Your objective. In the records below, find the line with "Desired result: a" and repeat it and every line after it, exactly, without any pictures.

[Records from a dataset]

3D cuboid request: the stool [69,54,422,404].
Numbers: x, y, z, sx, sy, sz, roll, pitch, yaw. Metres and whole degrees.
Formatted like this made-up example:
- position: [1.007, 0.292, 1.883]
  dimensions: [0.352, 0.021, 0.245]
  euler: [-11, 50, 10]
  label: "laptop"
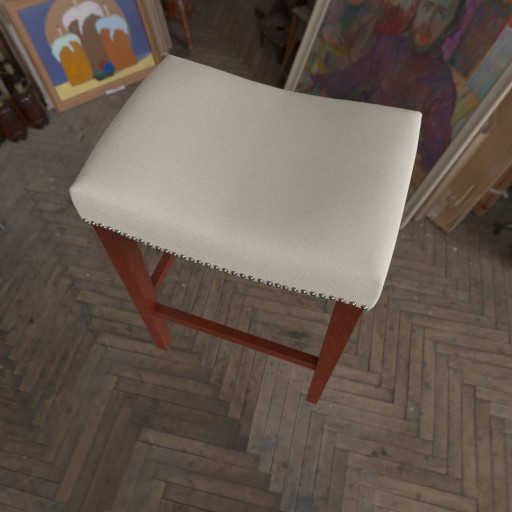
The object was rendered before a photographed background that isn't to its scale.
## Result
- position: [0.000, 0.000, 1.021]
  dimensions: [0.504, 0.742, 0.372]
  euler: [17, 60, 10]
  label: "stool"
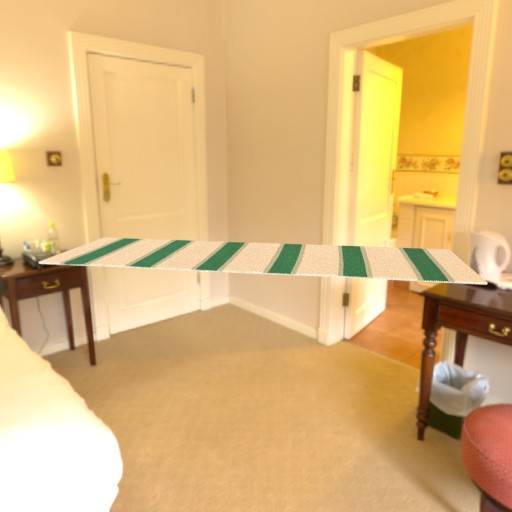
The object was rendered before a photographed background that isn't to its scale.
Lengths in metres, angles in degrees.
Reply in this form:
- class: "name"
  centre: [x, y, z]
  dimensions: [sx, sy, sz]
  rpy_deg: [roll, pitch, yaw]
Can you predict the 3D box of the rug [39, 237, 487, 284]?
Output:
- class: "rug"
  centre: [0.000, 0.000, 2.743]
  dimensions: [2.438, 0.012, 0.768]
  rpy_deg: [2, 14, 10]
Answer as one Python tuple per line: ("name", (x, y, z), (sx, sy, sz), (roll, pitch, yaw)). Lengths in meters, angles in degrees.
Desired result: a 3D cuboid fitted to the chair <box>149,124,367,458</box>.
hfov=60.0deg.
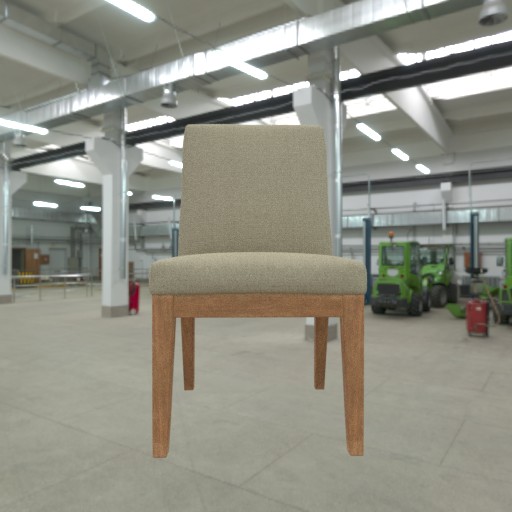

Written response.
Desired result: a 3D cuboid fitted to the chair <box>149,124,367,458</box>.
hfov=60.0deg.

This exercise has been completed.